PAPUA — Bencana gempa yang melanda Flores tidak hanya merusak bangunan, tetapi juga mengganggu denyut distribusi energi di sana. Berdasarkan pantauan operasional per Sabtu (15/8/2026), dari 52 SPBU yang tersebar di wilayah tersebut, 32 unit sudah melayani masyarakat kembali. Namun, 20 SPBU lainnya belum bisa beroperasi karena berbagai kendala teknis di lapangan.
Vice President Corporate Communication Pertamina Patra Niaga, Kitty Andhora, menjelaskan bahwa sebagian besar SPBU yang tutup mengalami masalah akibat pemadaman listrik dan kerusakan sarana fisik. "Sebagian SPBU yang belum beroperasi mengalami kendala akibat pemadaman listrik, kerusakan sarana dan fasilitas, maupun kondisi lingkungan yang masih terdampak gempa," ujarnya dalam keterangan resmi, Minggu (16/8/2026).

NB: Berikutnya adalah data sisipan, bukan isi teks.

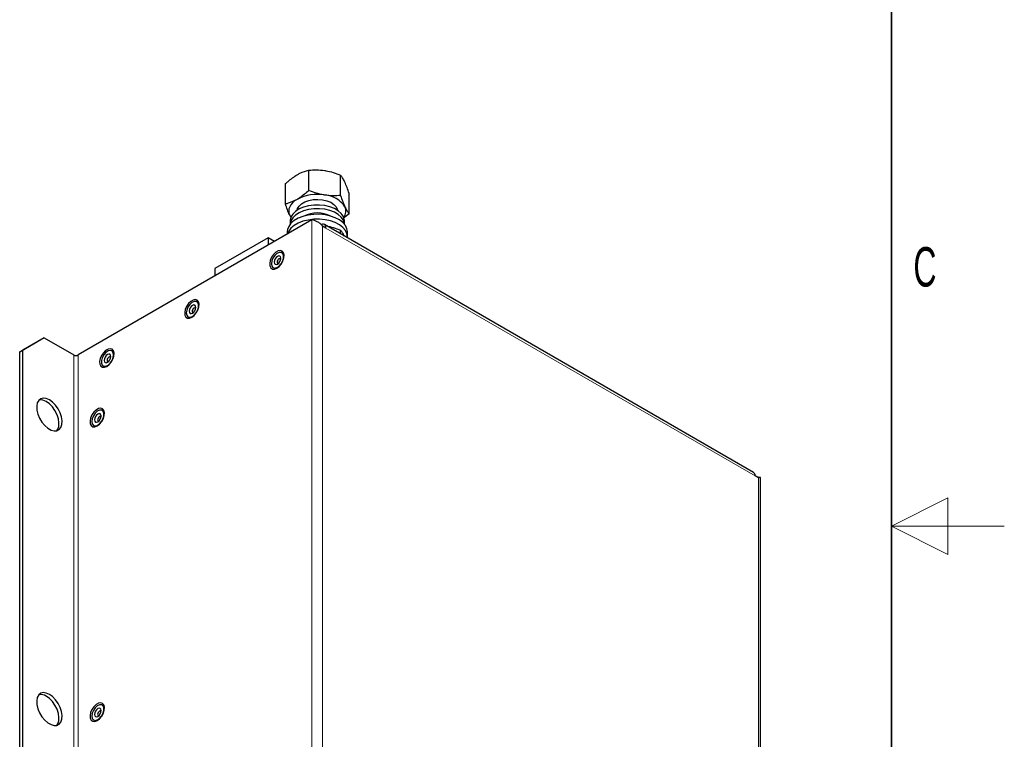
# Model space of a CAD drawing. Header units: millimetres. Extents: x 5 to 418, y 2 to 292.
# Tile 7 of 8: x 331 to 418, y 128 to 192. Entities that reach past the tile are written whole.
import ezdxf

# ---------------------------------------------------------------- set-up
doc = ezdxf.new("R2010")
doc.units = ezdxf.units.MM
doc.layers.add('SLD-0', color=7, linetype='Continuous')
doc.styles.add('SLDTEXTSTYLE0', font='TXT', dxfattribs={"width": 0.605})

msp = doc.modelspace()

# ---------------------------------------------------------------- linework, layer by layer
at = {"color": 7, "linetype": 'Continuous', "lineweight": 25}
for p, q in [((356.3044, 177.018), (356.3044, 178.8259)), ((359.1299, 176.5809), (359.1299, 178.3888)), ((354.2359, 175.8239), (354.2359, 177.6318)), ((359.887, 174.9497), (359.887, 176.7576)), ((354.6145, 174.8235), (354.7167, 174.6484)), ((354.7419, 174.5824), (354.6145, 174.8235)), ((359.887, 174.9497), (359.3932, 174.5552)), ((356.5901, 174.4066), (335.8483, 162.4326)), ((354.6615, 174.3528), (354.6615, 174.044)), ((357.8251, 173.6935), (357.5329, 173.8622)), ((395.7577, 152.021), (357.6871, 173.9987)), ((359.4615, 174.044), (359.4615, 174.3528)), ((354.3948, 173.373), (354.3948, 173.1393)), ((359.1299, 173.1658), (359.1299, 173.5113)), ((359.7281, 172.9375), (359.7281, 173.373)), ((352.6963, 172.8135), (347.9822, 170.0921)), ((352.6963, 172.8135), (352.6963, 172.1588)), ((353.2633, 172.4861), (352.6963, 172.8135)), ((347.9822, 170.0921), (347.9822, 169.4374)), ((330.6628, 162.7044), (332.5484, 163.7933)), ((332.8313, 163.9566), (330.9457, 162.8677)), ((332.5484, 163.7933), (332.8313, 163.9566)), ((332.8313, 163.9566), (335.4711, 162.4326)), ((330.9457, 162.8677), (330.6628, 162.7044)), ((330.6628, 101.736), (330.6628, 162.7044)), ((330.9457, 101.8993), (330.9457, 162.8677)), ((396.188, 151.5471), (395.8958, 151.7158)), ((396.3833, 86.7682), (396.3833, 151.5471))]:
    msp.add_line(p, q, dxfattribs=at)
at = {"color": 7, "linetype": 'Continuous', "lineweight": 18}
for p, q in [((356.5901, 109.0833), (356.5901, 174.4066)), ((357.5329, 173.8622), (357.5329, 109.6277)), ((395.8958, 151.7158), (357.8251, 173.6935)), ((335.4711, 162.4326), (335.4711, 97.1094)), ((335.8483, 97.1094), (335.8483, 162.4326)), ((396.188, 87.3125), (396.188, 151.5471))]:
    msp.add_line(p, q, dxfattribs=at)
at = {"color": 7, "linetype": 'Continuous', "lineweight": 25, "flags": 128}
for points in [[(355.2701, 176.2361), (355.0516, 176.0923), (354.8675, 175.9333), (354.721, 175.7617), (354.6145, 175.5805), (354.5498, 175.3929), (354.5281, 175.202), (354.5498, 175.0111), (354.6145, 174.8235)], [(359.4615, 174.3528), (359.4545, 174.458), (359.3689, 174.734), (359.1887, 174.9943), (358.9215, 175.2284), (358.5781, 175.4266), (358.1727, 175.5809), (357.7217, 175.6849), (357.2437, 175.7343), (356.7583, 175.7272), (356.2852, 175.6638), (355.844, 175.5468), (355.4526, 175.3809), (355.127, 175.1729), (354.8807, 174.9313), (354.7236, 174.666), (354.6622, 174.3879), (354.6615, 174.3528)], [(355.2821, 175.2825), (355.3135, 175.4104), (355.4438, 175.6375), (355.6614, 175.8411), (355.9544, 176.0103), (356.3072, 176.1359), (356.7005, 176.2111), (357.1134, 176.232), (357.5234, 176.1973), (357.9086, 176.109), (358.248, 175.9718), (358.5236, 175.793), (358.7202, 175.5825), (358.8275, 175.3514), (358.8409, 175.2825)], [(359.7281, 173.373), (359.6912, 173.6283), (359.56, 173.911), (359.3385, 174.1742), (359.0347, 174.4085), (358.6595, 174.6054), (358.2267, 174.7577), (357.7517, 174.86), (357.2517, 174.9085), (356.7449, 174.9015), (356.2495, 174.8393), (355.7835, 174.7241), (355.3636, 174.5601), (355.0052, 174.3531), (354.721, 174.1108), (354.5214, 173.8417), (354.4137, 173.5557), (354.3948, 173.373)], [(359.4615, 174.0262), (359.4545, 174.1314), (359.3689, 174.4074), (359.1887, 174.6677), (358.9215, 174.9018), (358.5781, 175.1), (358.1727, 175.2543), (357.7217, 175.3582), (357.2437, 175.4077), (356.7583, 175.4006), (356.2852, 175.3372), (355.844, 175.2202), (355.4526, 175.0543), (355.127, 174.8463), (354.8807, 174.6047), (354.7236, 174.3394), (354.6622, 174.0613), (354.6615, 174.0262)], [(359.721, 172.8246), (359.7274, 172.9009), (359.6912, 173.1928), (359.56, 173.4755), (359.3385, 173.7387), (359.0347, 173.973), (358.6595, 174.1699), (358.2267, 174.3222), (357.7517, 174.4245), (357.2517, 174.473), (356.7449, 174.466), (356.2495, 174.4038), (355.7835, 174.2886), (355.3636, 174.1246), (355.0052, 173.9176), (354.721, 173.6753), (354.5214, 173.4062), (354.4215, 173.1547)], [(357.8251, 173.6935), (357.8161, 173.7945), (357.7893, 173.8811), (357.7457, 173.9501), (357.6871, 173.9987), (357.6156, 174.0252), (357.5341, 174.0284), (357.4457, 174.0084), (357.4118, 173.9951)], [(353.4788, 170.1282), (353.687, 170.2885), (353.8726, 170.5116), (354.0155, 170.7735), (354.1003, 171.0456), (354.1177, 171.2985), (354.0659, 171.5049), (353.9505, 171.6423), (353.7839, 171.6958), (353.5843, 171.6597), (353.3733, 171.5379), (353.1737, 171.3435), (353.0071, 171.0977), (352.8917, 170.827), (352.8399, 170.5608), (352.8573, 170.328), (352.9421, 170.1538), (353.085, 170.057), (353.2706, 170.0482), (353.4788, 170.1282)], [(352.9864, 170.5214), (353.0233, 170.3147), (353.1291, 170.1784), (353.2895, 170.1312), (353.4828, 170.1792), (353.6829, 170.3162), (353.8628, 170.5235), (353.9982, 170.7731), (354.0708, 171.0314), (354.0708, 171.2635), (353.9982, 171.4379), (353.8628, 171.5313), (353.6829, 171.5309), (353.4828, 171.4368), (353.2895, 171.2617), (353.1291, 171.0292), (353.0233, 170.7709), (352.9864, 170.5214)], [(353.2362, 170.6657), (353.2589, 170.5475), (353.3232, 170.4734), (353.4196, 170.4547), (353.5332, 170.4942), (353.6469, 170.5859), (353.7432, 170.7159), (353.8076, 170.8643), (353.8302, 171.0086), (353.8076, 171.1268), (353.7432, 171.2009), (353.6469, 171.2196), (353.5332, 171.1801), (353.4196, 171.0884), (353.3232, 170.9584), (353.2589, 170.81), (353.2362, 170.6657)], [(353.8204, 170.9153), (353.8177, 170.9218), (353.7819, 170.963), (353.7284, 170.9734), (353.6652, 170.9515), (353.6021, 170.9005), (353.5486, 170.8283), (353.5128, 170.7458), (353.5002, 170.6657)], [(353.5002, 170.6657), (353.5128, 170.6), (353.5486, 170.5589), (353.6021, 170.5485), (353.6091, 170.5494)], [(345.9363, 165.774), (346.1445, 165.9343), (346.3301, 166.1575), (346.473, 166.4193), (346.5578, 166.6914), (346.5752, 166.9444), (346.5234, 167.1507), (346.408, 167.2881), (346.2415, 167.3416), (346.0419, 167.3055), (345.8308, 167.1837), (345.6312, 166.9893), (345.4646, 166.7435), (345.3492, 166.4728), (345.2974, 166.2067), (345.3148, 165.9739), (345.3996, 165.7996), (345.5425, 165.7028), (345.7282, 165.694), (345.9363, 165.774)], [(345.4439, 166.1673), (345.4809, 165.9605), (345.5866, 165.8243), (345.747, 165.777), (345.9403, 165.8251), (346.1404, 165.962), (346.3203, 166.1693), (346.4557, 166.4189), (346.5283, 166.6772), (346.5283, 166.9093), (346.4557, 167.0838), (346.3203, 167.1771), (346.1404, 167.1767), (345.9403, 167.0826), (345.747, 166.9075), (345.5866, 166.6751), (345.4809, 166.4167), (345.4439, 166.1673)], [(345.6938, 166.3115), (345.7164, 166.1933), (345.7808, 166.1192), (345.8771, 166.1005), (345.9908, 166.14), (346.1044, 166.2317), (346.2008, 166.3617), (346.2651, 166.5101), (346.2877, 166.6544), (346.2651, 166.7726), (346.2008, 166.8467), (346.1044, 166.8654), (345.9908, 166.8259), (345.8771, 166.7342), (345.7808, 166.6042), (345.7164, 166.4558), (345.6938, 166.3115)], [(346.2779, 166.5611), (346.2752, 166.5677), (346.2394, 166.6088), (346.1859, 166.6192), (346.1228, 166.5973), (346.0596, 166.5463), (346.0061, 166.4741), (345.9703, 166.3917), (345.9578, 166.3115)], [(345.9578, 166.3115), (345.9703, 166.2458), (346.0061, 166.2047), (346.0596, 166.1943), (346.0666, 166.1952)], [(338.3939, 161.4199), (338.602, 161.5802), (338.7876, 161.8033), (338.9306, 162.0651), (339.0153, 162.3372), (339.0328, 162.5902), (338.981, 162.7965), (338.8655, 162.9339), (338.699, 162.9874), (338.4994, 162.9513), (338.2883, 162.8295), (338.0887, 162.6351), (337.9222, 162.3893), (337.8067, 162.1187), (337.7549, 161.8525), (337.7724, 161.6197), (337.8571, 161.4454), (338.0001, 161.3486), (338.1857, 161.3398), (338.3939, 161.4199)], [(338.9951, 162.4445), (338.9582, 162.6512), (338.8524, 162.7875), (338.692, 162.8347), (338.4987, 162.7867), (338.2986, 162.6497), (338.1188, 162.4424), (337.9834, 162.1928), (337.9108, 161.9345), (337.9108, 161.7024), (337.9834, 161.528), (338.1188, 161.4346), (338.2986, 161.435), (338.4987, 161.5291), (338.692, 161.7042), (338.8524, 161.9367), (338.9582, 162.195), (338.9951, 162.4445)], [(338.7453, 162.3002), (338.7227, 162.4184), (338.6583, 162.4925), (338.5619, 162.5112), (338.4483, 162.4717), (338.3346, 162.38), (338.2383, 162.25), (338.1739, 162.1016), (338.1513, 161.9573), (338.1739, 161.8391), (338.2383, 161.765), (338.3346, 161.7463), (338.4483, 161.7858), (338.5619, 161.8775), (338.6583, 162.0075), (338.7227, 162.1559), (338.7453, 162.3002)], [(338.7354, 162.207), (338.7327, 162.2135), (338.6969, 162.2546), (338.6434, 162.265), (338.5803, 162.2431), (338.5171, 162.1921), (338.4636, 162.1199), (338.4278, 162.0375), (338.4153, 161.9573), (338.4278, 161.8917), (338.4636, 161.8505), (338.5171, 161.8401), (338.5242, 161.841)], [(333.3027, 158.4586), (333.0213, 158.58), (332.7576, 158.6116), (332.5282, 158.5516), (332.3474, 158.4036), (332.2267, 158.177), (332.1735, 157.886), (332.1914, 157.5489), (332.279, 157.1868), (332.431, 156.8226), (332.6377, 156.4791), (332.8862, 156.1778), (333.1609, 155.9378), (333.4445, 155.7741), (333.7192, 155.697), (333.9677, 155.7113), (334.1744, 155.8161), (334.3264, 156.0049), (334.414, 156.2658), (334.4318, 156.5823), (334.3787, 156.9347), (334.2579, 157.3007), (334.0772, 157.6574), (333.8477, 157.9823), (333.584, 158.2551), (333.3027, 158.4586)], [(333.9486, 155.7066), (334.0435, 155.8416), (334.1312, 156.1025), (334.149, 156.419), (334.0958, 156.7714), (333.9751, 157.1374), (333.7943, 157.4941), (333.5649, 157.8191), (333.3012, 158.0918), (333.0198, 158.2953)], [(337.5453, 156.1396), (337.7535, 156.2999), (337.9391, 156.5231), (338.082, 156.7849), (338.1668, 157.057), (338.1842, 157.31), (338.1324, 157.5163), (338.017, 157.6537), (337.8505, 157.7072), (337.6509, 157.6711), (337.4398, 157.5493), (337.2402, 157.3549), (337.0736, 157.1091), (336.9582, 156.8384), (336.9064, 156.5723), (336.9238, 156.3395), (337.0086, 156.1652), (337.1515, 156.0684), (337.3372, 156.0596), (337.5453, 156.1396)], [(337.0529, 156.5329), (337.0899, 156.3261), (337.1956, 156.1899), (337.356, 156.1426), (337.5493, 156.1907), (337.7494, 156.3276), (337.9293, 156.5349), (338.0647, 156.7845), (338.1373, 157.0428), (338.1373, 157.2749), (338.0647, 157.4494), (337.9293, 157.5427), (337.7494, 157.5423), (337.5493, 157.4482), (337.356, 157.2731), (337.1956, 157.0407), (337.0899, 156.7823), (337.0529, 156.5329)], [(337.3028, 156.6771), (337.3254, 156.5589), (337.3898, 156.4848), (337.4861, 156.4661), (337.5998, 156.5056), (337.7134, 156.5973), (337.8098, 156.7273), (337.8741, 156.8757), (337.8967, 157.02), (337.8741, 157.1382), (337.8098, 157.2123), (337.7134, 157.231), (337.5998, 157.1915), (337.4861, 157.0998), (337.3898, 156.9698), (337.3254, 156.8214), (337.3028, 156.6771)], [(337.8869, 156.9268), (337.8842, 156.9333), (337.8484, 156.9744), (337.7949, 156.9848), (337.7318, 156.9629), (337.6686, 156.9119), (337.6151, 156.8397), (337.5793, 156.7573), (337.5668, 156.6771)], [(337.5668, 156.6771), (337.5793, 156.6114), (337.6151, 156.5703), (337.6686, 156.5599), (337.6756, 156.5608)], [(333.3027, 132.3293), (333.0213, 132.4507), (332.7576, 132.4823), (332.5282, 132.4223), (332.3474, 132.2743), (332.2267, 132.0477), (332.1735, 131.7567), (332.1914, 131.4196), (332.279, 131.0575), (332.431, 130.6933), (332.6377, 130.3498), (332.8862, 130.0485), (333.1609, 129.8085), (333.4445, 129.6448), (333.7192, 129.5677), (333.9677, 129.582), (334.1744, 129.6868), (334.3264, 129.8756), (334.414, 130.1364), (334.4318, 130.453), (334.3787, 130.8054), (334.2579, 131.1714), (334.0772, 131.5281), (333.8477, 131.853), (333.584, 132.1258), (333.3027, 132.3293)], [(333.9486, 129.5773), (334.0435, 129.7123), (334.1312, 129.9732), (334.149, 130.2897), (334.0958, 130.6421), (333.9751, 131.0081), (333.7943, 131.3648), (333.5649, 131.6897), (333.3012, 131.9625), (333.0198, 132.166)], [(337.5453, 130.0103), (337.7535, 130.1706), (337.9391, 130.3938), (338.082, 130.6556), (338.1668, 130.9277), (338.1842, 131.1807), (338.1324, 131.387), (338.017, 131.5244), (337.8505, 131.5779), (337.6509, 131.5418), (337.4398, 131.42), (337.2402, 131.2256), (337.0736, 130.9798), (336.9582, 130.7091), (336.9064, 130.443), (336.9238, 130.2102), (337.0086, 130.0359), (337.1515, 129.9391), (337.3372, 129.9303), (337.5453, 130.0103)], [(337.0529, 130.4036), (337.0899, 130.1968), (337.1956, 130.0606), (337.356, 130.0133), (337.5493, 130.0614), (337.7494, 130.1983), (337.9293, 130.4056), (338.0647, 130.6552), (338.1373, 130.9135), (338.1373, 131.1456), (338.0647, 131.3201), (337.9293, 131.4134), (337.7494, 131.413), (337.5493, 131.3189), (337.356, 131.1438), (337.1956, 130.9114), (337.0899, 130.653), (337.0529, 130.4036)], [(337.3028, 130.5478), (337.3254, 130.4296), (337.3898, 130.3555), (337.4861, 130.3368), (337.5998, 130.3763), (337.7134, 130.468), (337.8098, 130.598), (337.8741, 130.7464), (337.8967, 130.8907), (337.8741, 131.0089), (337.8098, 131.083), (337.7134, 131.1017), (337.5998, 131.0622), (337.4861, 130.9705), (337.3898, 130.8405), (337.3254, 130.6921), (337.3028, 130.5478)], [(337.8869, 130.7974), (337.8842, 130.804), (337.8484, 130.8451), (337.7949, 130.8555), (337.7318, 130.8336), (337.6686, 130.7826), (337.6151, 130.7104), (337.5793, 130.628), (337.5668, 130.5478)], [(337.5668, 130.5478), (337.5793, 130.4821), (337.6151, 130.441), (337.6686, 130.4306), (337.6756, 130.4315)]]:
    msp.add_lwpolyline(points, dxfattribs=at)
at = {"color": 7, "linetype": 'Continuous', "lineweight": 25}
for centre, radius, start, end in [((357.0572, 172.7823), 3.8888, 80.228903, 117.357175), ((357.5786, 174.3062), 2.3126, 33.438879, 86.566498), ((358.6871, 175.1989), 0.9057, 322.561335, 24.919739), ((357.0615, 172.3755), 2.6589, 63.123199, 116.876801), ((335.6597, 162.7965), 0.4099, 242.609672, 297.390328), ((332.5246, 157.5646), 0.8827, 55.873477, 99.831304), ((395.5691, 151.7519), 0.3287, 353.701153, 54.986667), ((332.5246, 131.4353), 0.8827, 55.873477, 99.831304)]:
    msp.add_arc(centre, radius, start, end, dxfattribs=at)
for points, knots in [([(354.2359, 177.6318), (354.3115, 177.6998), (354.6484, 178.0031), (354.9985, 178.2343), (355.2701, 178.4136)], [0, 0, 0, 0, 0.2243922, 1, 1, 1, 1]), ([(355.2701, 178.4136), (355.355, 178.4603), (355.705, 178.6532), (356.046, 178.7514), (356.3044, 178.8259)], [0, 0, 0, 0, 0.2423865, 1, 1, 1, 1]), ([(356.3044, 178.8259), (356.5338, 178.842), (356.9969, 178.8746), (357.4756, 178.8198), (357.7171, 178.7921)], [0, 0, 0, 0, 0.49545796, 1, 1, 1, 1]), ([(357.7171, 178.7921), (357.7506, 178.7867), (358.0042, 178.7458), (358.4824, 178.6315), (358.9128, 178.4702), (359.1299, 178.3888)], [0, 0, 0, 0, 0.0700918, 0.5307854, 1, 1, 1, 1]), ([(359.5085, 177.758), (359.4995, 177.7771), (359.4316, 177.9218), (359.3034, 178.1575), (359.1881, 178.3112), (359.1299, 178.3888)], [0, 0, 0, 0, 0.0700918, 0.5307854, 1, 1, 1, 1]), ([(359.887, 176.7576), (359.8256, 176.9417), (359.7015, 177.3133), (359.5732, 177.6089), (359.5085, 177.758)], [0, 0, 0, 0, 0.49545796, 1, 1, 1, 1]), ([(356.3044, 177.018), (356.046, 176.7941), (355.705, 176.4986), (355.355, 176.2874), (355.2701, 176.2361)], [0, 0, 0, 0, 0.7576135, 1, 1, 1, 1]), ([(357.7171, 176.6147), (357.6837, 176.6201), (357.4301, 176.661), (356.9519, 176.7753), (356.5215, 176.9366), (356.3044, 177.018)], [0, 0, 0, 0, 0.0700918, 0.5307854, 1, 1, 1, 1]), ([(359.1299, 176.5809), (358.9005, 176.5647), (358.4374, 176.5321), (357.9587, 176.587), (357.7171, 176.6147)], [0, 0, 0, 0, 0.495458, 1, 1, 1, 1]), ([(359.1299, 176.5809), (359.1914, 176.3968), (359.3155, 176.0252), (359.4438, 175.7297), (359.5085, 175.5805)], [0, 0, 0, 0, 0.495458, 1, 1, 1, 1]), ([(355.2701, 176.2361), (354.9985, 176.1019), (354.6484, 175.9288), (354.3115, 175.8431), (354.2359, 175.8239)], [0, 0, 0, 0, 0.7756078, 1, 1, 1, 1]), ([(354.6145, 174.8235), (354.6055, 174.8431), (354.5375, 174.9911), (354.4094, 175.3075), (354.2941, 175.6507), (354.2359, 175.8239)], [0, 0, 0, 0, 0.0700918, 0.5307854, 1, 1, 1, 1]), ([(359.5085, 175.5805), (359.5175, 175.5614), (359.5854, 175.4167), (359.7135, 175.181), (359.8289, 175.0273), (359.887, 174.9497)], [0, 0, 0, 0, 0.0700918, 0.5307854, 1, 1, 1, 1]), ([(357.8922, 173.8803), (358.0874, 173.8388), (358.5067, 173.7496), (358.9128, 173.5944), (359.1299, 173.5113)], [0, 0, 0, 0, 0.4653575, 1, 1, 1, 1]), ([(359.4616, 172.9743), (359.4093, 173.0757), (359.2969, 173.2935), (359.1881, 173.4354), (359.1299, 173.5113)], [0, 0, 0, 0, 0.4653575, 1, 1, 1, 1]), ([(396.3115, 151.5471), (396.3089, 151.5473), (396.304, 151.5476), (396.2607, 151.5529), (396.1963, 151.5681), (396.1105, 151.5971), (396.0505, 151.6284), (396.0168, 151.646)], [0, 0, 0, 0, 0.2009863, 0.387865, 0.6000262, 0.7750098, 1, 1, 1, 1]), ([(396.3814, 151.5473), (396.382, 151.5474), (396.3995, 151.5514), (396.3414, 151.5647), (396.2378, 151.5528), (396.188, 151.5471)], [0, 0, 0, 0, 0.0191014, 0.5289218, 1, 1, 1, 1])]:
    msp.add_open_spline(points, degree=3, knots=knots, dxfattribs=at)
msp.add_open_spline([(357.5329, 173.8622), (357.464, 173.9392), (357.3263, 174.093), (357.0615, 174.2562), (356.7966, 174.3652), (356.6589, 174.3928), (356.5901, 174.4066)], degree=3, dxfattribs=at)
at = {"layer": 'SLD-0', "lineweight": 35}
msp.add_line((408, 12), (408, 282.5), dxfattribs=at)
at = {"layer": 'SLD-0', "lineweight": 18}
for p, q in [((413, 149.75), (408, 147.25)), ((413, 144.75), (413, 149.75)), ((418, 147.25), (408, 147.25)), ((408, 147.25), (413, 144.75))]:
    msp.add_line(p, q, dxfattribs=at)

# ---------------------------------------------------------------- texts
at = {"layer": 'SLD-0', "insert": (410.9597, 172.0011), "char_height": 3.5, "attachment_point": 2, "style": 'SLDTEXTSTYLE0'}
msp.add_mtext('C', dxfattribs=at)

doc.saveas('drawing.dxf')

Kondisi lain juga ditemui di sejumlah titik. Beberapa SPBU sebenarnya dalam keadaan aman, namun operator memilih menahan diri untuk beroperasi. Hal itu dilakukan demi faktor keselamatan dan kewaspadaan terhadap potensi gempa susulan yang masih mengancam.
Untuk memastikan warga tetap mendapat pasokan BBM, Pertamina Patra Niaga tidak tinggal diam. Perusahaan terus berkoordinasi dengan pemerintah daerah dan pemangku kepentingan lainnya agar rantai distribusi tidak putus. Pengiriman bahan bakar kini dilakukan menggunakan mobil tangki yang dikawal ketat, terutama saat melintasi ruas jalan yang rawan longsor.
Langkah pengamanan ekstra ini menjadi krusial karena medan di Flores yang berbukit dan rawan bencana susulan. Dengan pengawalan tersebut, Pertamina berupaya memastikan setiap liter BBM yang dikirim bisa tiba di SPBU dengan selamat dan tepat waktu.
Pertamina Patra Niaga menegaskan komitmennya untuk segera memulihkan seluruh operasional SPBU yang terdampak. Meski begitu, proses pemulihan tidak bisa dilakukan terburu-buru. "Sebanyak 20 SPBU yang saat ini belum beroperasi akan segera dipulihkan secara bertahap dengan tetap mengutamakan aspek keselamatan," kata Kitty.
Kondisi operasional SPBU di lapangan sendiri bersifat dinamis. Tim teknis Pertamina terus memantau perkembangan situasi secara berkala dan akan langsung melakukan perbaikan begitu kondisi lingkungan dinilai aman. Masyarakat diharapkan tetap tenang, karena stok BBM dan LPG di wilayah Flores dipastikan aman dan penyaluran terus dilakukan meski di tengah situasi darurat bencana.